“Con il passare degli anni trovo sempre più insopportabile il malumore. Trovo irragionevole il lamento. Trovo irrespirabile l’aria inquinata di frenesia e di aggressività, di suscettibilità e risentimento”. Si è aperto con questa “confidenza personale” il “Discorso alla città” che l’arcivescovo di Milano, mons. Mario Delpini, ha rivolto durante i Vespri alla vigilia della festa per il patrono sant’Ambrogio.
“Il linguaggio di Milano e di questa nostra terra – ha osservato l’arcivescovo – è la fierezza di poter affrontare le sfide, è la generosità nell’accogliere e nel condividere, è la saggezza pensosa che di fronte alle domande cerca le risposte, è la franchezza nell’approvare e nel dissentire, è la compassione che non si accontenta di elemosine ma crea soluzioni, stimola a darsi da fare, inventa e mantiene istituzioni per farsi carico dei più fragili”.
Nella sua riflessione, mons.

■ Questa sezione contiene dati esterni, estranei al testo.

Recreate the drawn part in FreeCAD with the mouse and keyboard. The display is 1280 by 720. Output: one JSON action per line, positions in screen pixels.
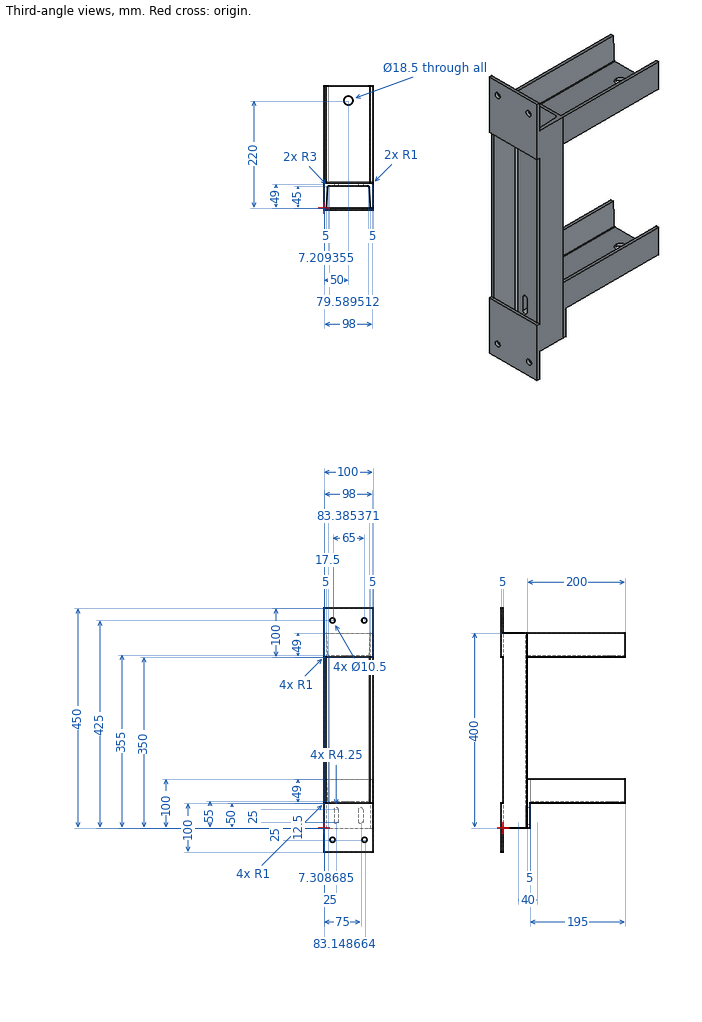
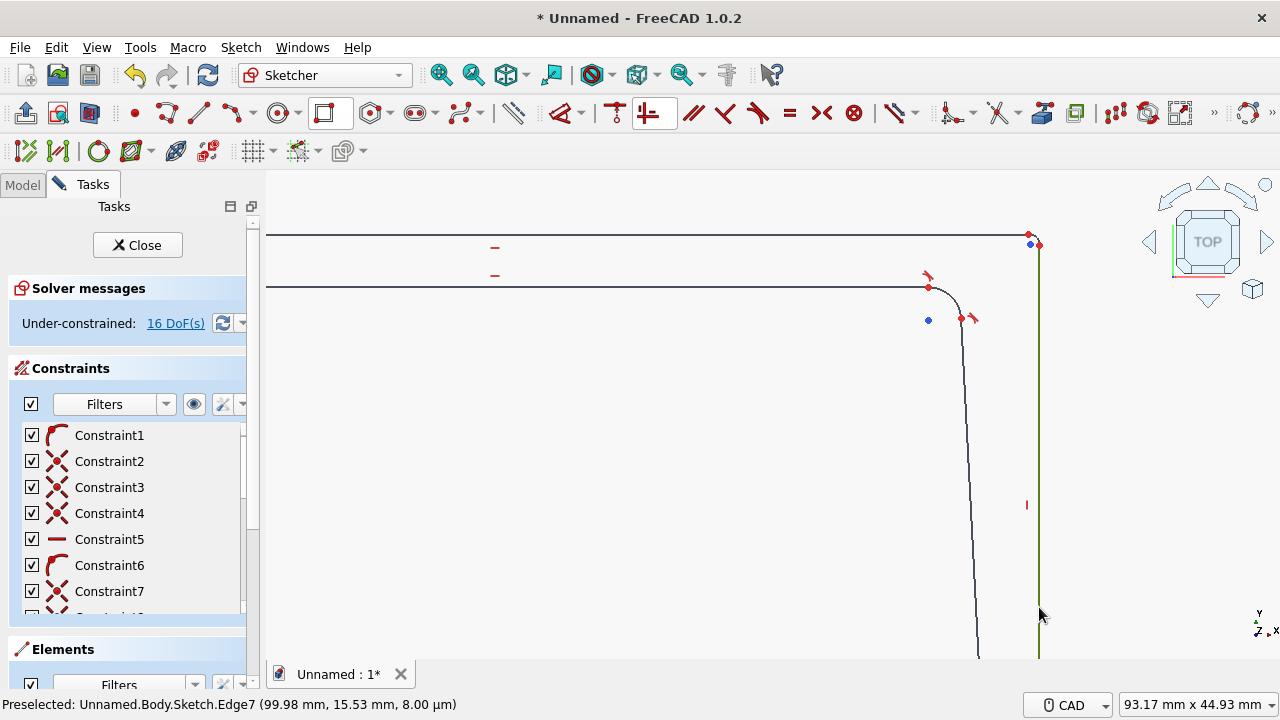
{"action": "scroll", "coordinate": [1037, 237], "scroll_direction": "up", "scroll_amount": 3}
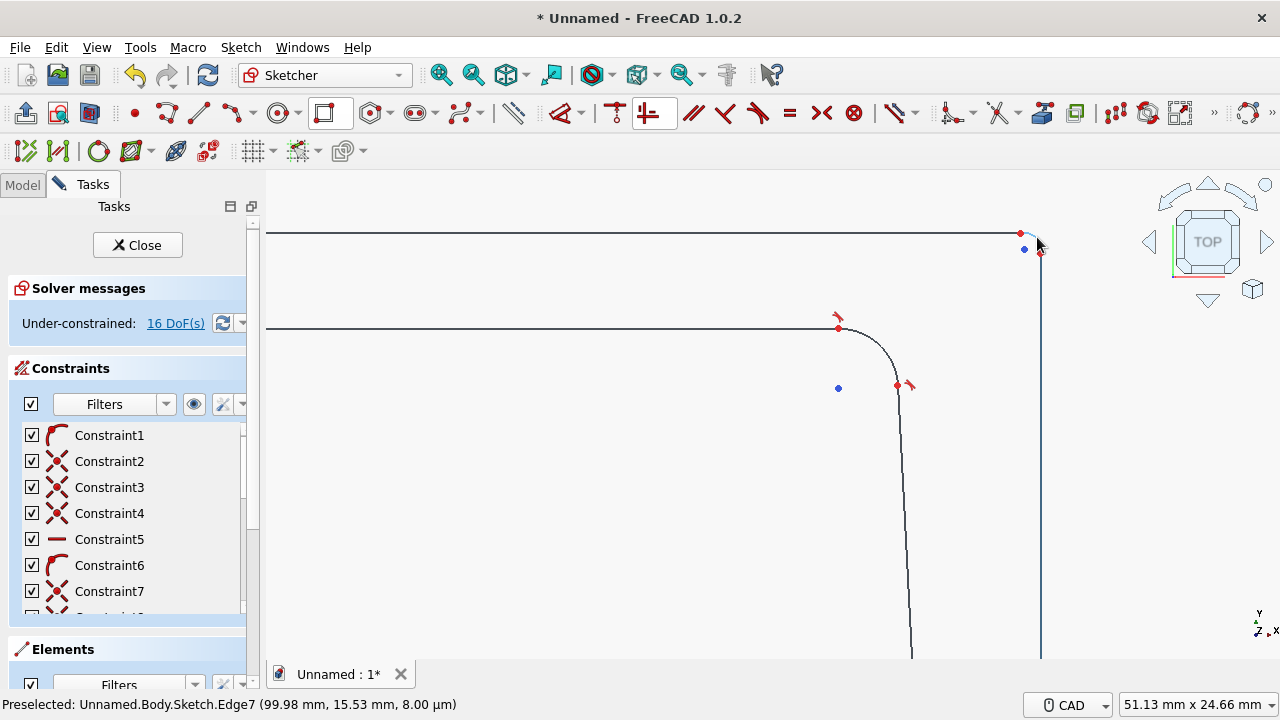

Delpini ha voluto tessere “l’elogio dell’inquietudine” e “condividere l’aspetto promettente di un realismo che custodisce la speranza e che crede nella democrazia e nella vocazione della politica”. C’è un’inquietudine, ha spiegato, che “bussa alle porte della paura”. “La paura – ha notato l’arcivescovo – serpeggia nella città e nella nostra terra: è la paura di difficoltà reali che si devono affrontare e non si sa come; è la paura indotta dalle notizie organizzate per deprimere, per guadagnare consenso verso scelte d’emergenza, senza una visione lungimirante; è la paura dell’ignoto; è la paura del futuro”. Quella paura che “induce a chiudersi in sé stessi, a costruire mura di protezione per arginare pericoli e nemici, ad accumulare e ad affannarsi per mettere al sicuro quello di cui potremmo aver bisogno, ‘non si sa mai’”. “Alle porte della paura bussa l’inquietudine con la sua provocazione: e gli altri?”, la domanda rilanciata da Delpini, anche parlando della paura che bussa “alle porte della città”, a quelle “dell’organizzazione del lavoro”, “ai palazzi del potere”. “Pensieri, decisioni, interventi”, l’auspicio dell’arcivescovo, “siano attenti alla complessità e là dove sembra produttivo e popolare essere sbrigativi e semplicisti, istintivi e presuntuosi, l’inquietudine suggerisca saggezza e disponibilità al confronto, studio approfondito e concertazione ampia, per quanto possibile”.